(SUPPLIED INFORMATION):
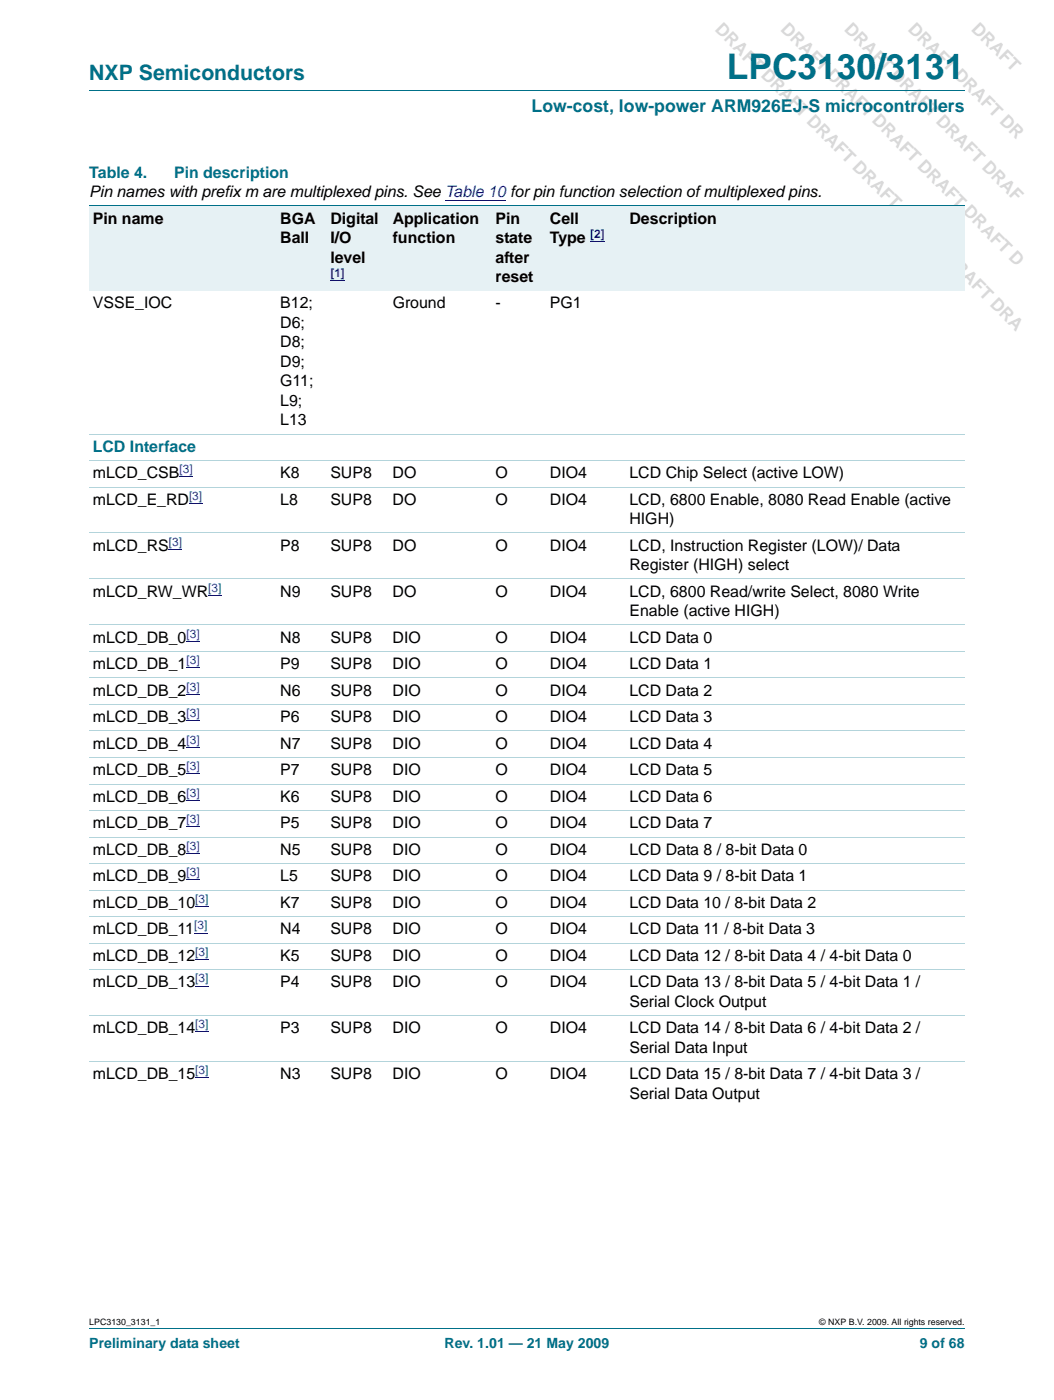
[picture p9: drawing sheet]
<svg xmlns="http://www.w3.org/2000/svg" width="210mm" height="279mm" viewBox="0 0 210 279" stroke-linecap="round" stroke-linejoin="round" font-family="sans-serif">
<defs><g id="words">
<text font-size="7" fill="#007088" x="145" y="15.8">LPC3130/3131</text>
<text font-size="4.2" fill="#007088" x="17.8" y="16">NXP Semiconductors</text>
<g font-size="3.5" fill="#d9d9d9">
<text x="142.5" y="6.1" transform="rotate(45 142.5 6.1)">DRAFT DRAFT DRAFT DRAFT DRAFT DRAFT DRA</text>
<text x="155.6" y="6.1" transform="rotate(45 155.6 6.1)">DRAFT DRAFT DRAFT DRAFT DRAFT D</text>
<text x="168.3" y="6.1" transform="rotate(45 168.3 6.1)">DRAFT DRAFT DRAFT DRAF</text>
<text x="180.9" y="6.1" transform="rotate(45 180.9 6.1)">DRAFT DRAFT DR</text>
</g>
<text font-size="3.5" fill="#007088" x="106" y="22.3">Low-cost, low-power ARM926EJ-S microcontrollers</text>
<g font-size="3.2" fill="#007088">
<text x="17.8" y="35.5">Table 4.</text>
<text x="34.7" y="35.5">Pin description</text>
<text x="18.5" y="90.1">LCD Interface</text>
</g>
<g font-size="3.2">
<text x="17.8" y="39.3">Pin names with prefix m are multiplexed pins. See Table 10 for pin function selection of multiplexed pins.</text>
<text x="18.5" y="44.6">Pin name</text>
<text x="55.9" y="44.6">BGA</text>
<text x="65.9" y="44.6">Digital</text>
<text x="78.3" y="44.6">Application</text>
<text x="98.9" y="44.6">Pin</text>
<text x="109.7" y="44.6">Cell</text>
<text x="125.6" y="44.6">Description</text>
<text x="55.9" y="48.5">Ball</text>
<text x="65.9" y="48.5">I/O</text>
<text x="65.9" y="52.4">level</text>
<text x="78.3" y="48.5">function</text>
<text x="98.9" y="48.5">state</text>
<text x="98.9" y="52.4">after</text>
<text x="109.7" y="48.5">Type</text>
<text x="98.9" y="56.3">reset</text>
<text x="18.5" y="61.6">VSSE_IOC</text>
<text x="55.9" y="61.6">B12;</text>
<text x="55.9" y="65.4">D6;</text>
<text x="78.3" y="61.6">Ground</text>
<text x="98.9" y="61.6">-</text>
<text x="109.7" y="61.6">PG1</text>
<text x="55.9" y="69.3">D8;</text>
<text x="55.9" y="73.2">D9;</text>
<text x="55.9" y="77.1">G11;</text>
<text x="55.9" y="81">L9;</text>
<text x="55.9" y="84.8">L13</text>
<text x="18.5" y="95.4">mLCD_CSB</text>
<text x="55.9" y="95.4">K8</text>
<text x="65.9" y="95.4">SUP8</text>
<text x="78.3" y="95.4">DO</text>
<text x="98.9" y="95.4">O</text>
<text x="109.7" y="95.4">DIO4</text>
<text x="125.6" y="95.4">LCD Chip Select (active LOW)</text>
<text x="18.5" y="100.7">mLCD_E_RD</text>
<text x="55.9" y="100.7">L8</text>
<text x="65.9" y="100.7">SUP8</text>
<text x="78.3" y="100.7">DO</text>
<text x="98.9" y="100.7">O</text>
<text x="109.7" y="100.7">DIO4</text>
<text x="125.6" y="100.7">LCD, 6800 Enable, 8080 Read Enable (active</text>
<text x="125.6" y="104.6">HIGH)</text>
<text x="18.5" y="109.9">mLCD_RS</text>
<text x="55.9" y="109.9">P8</text>
<text x="65.9" y="109.9">SUP8</text>
<text x="78.3" y="109.9">DO</text>
<text x="98.9" y="109.9">O</text>
<text x="109.7" y="109.9">DIO4</text>
<text x="125.6" y="109.9">LCD, Instruction Register (LOW)/ Data</text>
<text x="125.6" y="113.8">Register (HIGH) select</text>
<text x="18.5" y="119.1">mLCD_RW_WR</text>
<text x="55.9" y="119.1">N9</text>
<text x="65.9" y="119.1">SUP8</text>
<text x="78.3" y="119.1">DO</text>
<text x="98.9" y="119.1">O</text>
<text x="109.7" y="119.1">DIO4</text>
<text x="125.6" y="119.1">LCD, 6800 Read/write Select, 8080 Write</text>
<text x="125.6" y="122.9">Enable (active HIGH)</text>
<text x="18.5" y="128.2">mLCD_DB_0</text>
<text x="55.9" y="128.2">N8</text>
<text x="65.9" y="128.2">SUP8</text>
<text x="78.3" y="128.2">DIO</text>
<text x="98.9" y="128.2">O</text>
<text x="109.7" y="128.2">DIO4</text>
<text x="125.6" y="128.2">LCD Data 0</text>
<text x="18.5" y="133.5">mLCD_DB_1</text>
<text x="55.9" y="133.5">P9</text>
<text x="65.9" y="133.5">SUP8</text>
<text x="78.3" y="133.5">DIO</text>
<text x="98.9" y="133.5">O</text>
<text x="109.7" y="133.5">DIO4</text>
<text x="125.6" y="133.5">LCD Data 1</text>
<text x="18.5" y="138.8">mLCD_DB_2</text>
<text x="55.9" y="138.8">N6</text>
<text x="65.9" y="138.8">SUP8</text>
<text x="78.3" y="138.8">DIO</text>
<text x="98.9" y="138.8">O</text>
<text x="109.7" y="138.8">DIO4</text>
<text x="125.6" y="138.8">LCD Data 2</text>
<text x="18.5" y="144.1">mLCD_DB_3</text>
<text x="18.5" y="149.4">mLCD_DB_4</text>
<text x="55.9" y="144.1">P6</text>
<text x="55.9" y="149.4">N7</text>
<text x="65.9" y="144.1">SUP8</text>
<text x="65.9" y="149.4">SUP8</text>
<text x="78.3" y="144.1">DIO</text>
<text x="78.3" y="149.4">DIO</text>
<text x="98.9" y="144.1">O</text>
<text x="98.9" y="149.4">O</text>
<text x="109.7" y="144.1">DIO4</text>
<text x="109.7" y="149.4">DIO4</text>
<text x="125.6" y="144.1">LCD Data 3</text>
<text x="125.6" y="149.4">LCD Data 4</text>
<text x="18.5" y="154.7">mLCD_DB_5</text>
<text x="55.9" y="154.7">P7</text>
<text x="65.9" y="154.7">SUP8</text>
<text x="78.3" y="154.7">DIO</text>
<text x="98.9" y="154.7">O</text>
<text x="109.7" y="154.7">DIO4</text>
<text x="125.6" y="154.7">LCD Data 5</text>
<text x="18.5" y="160">mLCD_DB_6</text>
<text x="55.9" y="160">K6</text>
<text x="65.9" y="160">SUP8</text>
<text x="78.3" y="160">DIO</text>
<text x="98.9" y="160">O</text>
<text x="109.7" y="160">DIO4</text>
<text x="125.6" y="160">LCD Data 6</text>
<text x="18.5" y="165.3">mLCD_DB_7</text>
<text x="55.9" y="165.3">P5</text>
<text x="65.9" y="165.3">SUP8</text>
<text x="78.3" y="165.3">DIO</text>
<text x="98.9" y="165.3">O</text>
<text x="109.7" y="165.3">DIO4</text>
<text x="125.6" y="165.3">LCD Data 7</text>
<text x="18.5" y="170.6">mLCD_DB_8</text>
<text x="55.9" y="170.6">N5</text>
<text x="65.9" y="170.6">SUP8</text>
<text x="78.3" y="170.6">DIO</text>
<text x="98.9" y="170.6">O</text>
<text x="109.7" y="170.6">DIO4</text>
<text x="125.6" y="170.6">LCD Data 8 / 8-bit Data 0</text>
<text x="18.5" y="175.9">mLCD_DB_9</text>
<text x="55.9" y="175.9">L5</text>
<text x="65.9" y="175.9">SUP8</text>
<text x="78.3" y="175.9">DIO</text>
<text x="98.9" y="175.9">O</text>
<text x="109.7" y="175.9">DIO4</text>
<text x="125.6" y="175.9">LCD Data 9 / 8-bit Data 1</text>
<text x="18.5" y="181.1">mLCD_DB_10</text>
<text x="55.9" y="181.1">K7</text>
<text x="65.9" y="181.1">SUP8</text>
<text x="78.3" y="181.1">DIO</text>
<text x="98.9" y="181.1">O</text>
<text x="109.7" y="181.1">DIO4</text>
<text x="125.6" y="181.1">LCD Data 10 / 8-bit Data 2</text>
<text x="18.5" y="186.4">mLCD_DB_11</text>
<text x="18.5" y="191.7">mLCD_DB_12</text>
<text x="55.9" y="186.4">N4</text>
<text x="55.9" y="191.7">K5</text>
<text x="65.9" y="186.4">SUP8</text>
<text x="65.9" y="191.7">SUP8</text>
<text x="78.3" y="186.4">DIO</text>
<text x="78.3" y="191.7">DIO</text>
<text x="98.9" y="186.4">O</text>
<text x="98.9" y="191.7">O</text>
<text x="109.7" y="186.4">DIO4</text>
<text x="109.7" y="191.7">DIO4</text>
<text x="125.6" y="186.4">LCD Data 11 / 8-bit Data 3</text>
<text x="125.6" y="191.7">LCD Data 12 / 8-bit Data 4 / 4-bit Data 0</text>
<text x="18.5" y="197">mLCD_DB_13</text>
<text x="55.9" y="197">P4</text>
<text x="65.9" y="197">SUP8</text>
<text x="78.3" y="197">DIO</text>
<text x="98.9" y="197">O</text>
<text x="109.7" y="197">DIO4</text>
<text x="125.6" y="197">LCD Data 13 / 8-bit Data 5 / 4-bit Data 1 /</text>
<text x="125.6" y="200.9">Serial Clock Output</text>
<text x="18.5" y="206.2">mLCD_DB_14</text>
<text x="55.9" y="206.2">P3</text>
<text x="65.9" y="206.2">SUP8</text>
<text x="78.3" y="206.2">DIO</text>
<text x="98.9" y="206.2">O</text>
<text x="109.7" y="206.2">DIO4</text>
<text x="125.6" y="206.2">LCD Data 14 / 8-bit Data 6 / 4-bit Data 2 /</text>
<text x="18.5" y="215.4">mLCD_DB_15</text>
<text x="55.9" y="215.4">N3</text>
<text x="65.9" y="215.4">SUP8</text>
<text x="78.3" y="215.4">DIO</text>
<text x="98.9" y="215.4">O</text>
<text x="109.7" y="215.4">DIO4</text>
<text x="125.6" y="210.1">Serial Data Input</text>
<text x="125.6" y="215.4">LCD Data 15 / 8-bit Data 7 / 4-bit Data 3 /</text>
<text x="125.6" y="219.2">Serial Data Output</text>
</g>
<g font-size="2.8" fill="#007088">
<text x="17.8" y="269.1">Preliminary data sheet</text>
<text x="88.7" y="269.1">Rev. 1.01 — 21 May 2009</text>
<text x="183.5" y="269.1">9 of 68</text>
</g>
<g font-size="2.4" fill="#00f">
<text x="117.7" y="47.5">[2]</text>
<text x="65.9" y="55.3">[1]</text>
<text x="35.8" y="94.5">[3]</text>
<text x="37.7" y="99.8">[3]</text>
<text x="33.7" y="108.9">[3]</text>
<text x="41.5" y="118.1">[3]</text>
<text x="37.2" y="127.3">[3]</text>
<text x="37.2" y="132.6">[3]</text>
<text x="37.2" y="137.9">[3]</text>
<text x="37.2" y="143.2">[3]</text>
<text x="37.2" y="148.4">[3]</text>
<text x="37.2" y="153.7">[3]</text>
<text x="37.2" y="159">[3]</text>
<text x="37.2" y="164.3">[3]</text>
<text x="37.2" y="169.6">[3]</text>
<text x="37.2" y="174.9">[3]</text>
<text x="38.7" y="185.5">[3]</text>
<text x="39" y="180.2">[3]</text>
<text x="39" y="190.8">[3]</text>
<text x="39" y="196.1">[3]</text>
<text x="39" y="205.3">[3]</text>
<text x="39" y="214.4">[3]</text>
</g>
<g font-size="1.8">
<text x="17.8" y="264.5">LPC3130_3131_1</text>
<text x="163.4" y="264.5">© NXP B.V. 2009. All rights reserved.</text>
</g>
</g></defs>
<path d="M17.8 18.2h174.6M17.8 265.1h174.6" fill="none" stroke="#007088" stroke-width=".2"/>
<g fill="none" stroke="#00f" stroke-width=".2">
<path d="M88.8 40h12.1M35.8 95.2h2.6M33.7 109.6h2.6M37.7 100.5h2.7M41.5 118.8h2.7M37.2 128h2.6M37.2 133.3h2.6M37.2 138.6h2.6M37.2 143.9h2.6M37.2 149.2h2.6M37.2 154.5h2.6M37.2 159.7h2.6"/>
<path d="M37.2 165h2.6M37.2 170.3h2.6M37.2 175.6h2.6M38.7 186.2h2.7M39 180.9h2.6M39 191.5h2.6M39 196.8h2.6M39 206h2.6M39 215.1h2.6"/>
</g>
<g fill="#e6f1f4">
<path d="M17.8 41.1h37.4v16.9h-37.4z"/>
<path d="M55.2 41.1h10v16.9h-10z"/>
<path d="M65.2 41.1h12.4v16.9h-12.4z"/>
</g>
<path d="M65.9 56h2.9" fill="none" stroke="#00f" stroke-width=".2"/>
<g fill="#e6f1f4">
<path d="M77.6 41.1h20.5v16.9h-20.5z"/>
<path d="M98.1 41.1h10.9v16.9h-10.9z"/>
<path d="M109 41.1h15.9v16.9h-15.9z"/>
</g>
<path d="M117.7 48.3h3" fill="none" stroke="#00f" stroke-width=".2"/>
<path d="M124.9 41.1h67.5v16.9h-67.5z" fill="#e6f1f4"/>
<path d="M17.8 41.1h174.6" fill="none" stroke="#007088" stroke-width=".2"/>
<g fill="none" stroke="#b3d4db" stroke-width=".2">
<path d="M17.8 86.6h174.6M17.8 91.9h174.6M17.8 97.2h174.6M17.8 106.4h174.6M17.8 115.5h174.6M17.8 124.7h174.6M17.8 130h174.6M17.8 135.3h174.6M17.8 140.6h174.6M17.8 145.9h174.6M17.8 151.2h174.6M17.8 156.5h174.6"/>
<path d="M17.8 161.8h174.6M17.8 167h174.6M17.8 172.3h174.6M17.8 177.6h174.6M17.8 182.9h174.6M17.8 188.2h174.6M17.8 193.5h174.6M17.8 202.7h174.6M17.8 211.8h174.6"/>
</g>
<use href="#words"/>
</svg>

(EXERCISE):
Where does "Enable" appear in the listing? Show every line that has it.

(OUTPUT):
<text x="125.6" y="100.7">LCD, 6800 Enable, 8080 Read Enable (active</text>
<text x="125.6" y="122.9">Enable (active HIGH)</text>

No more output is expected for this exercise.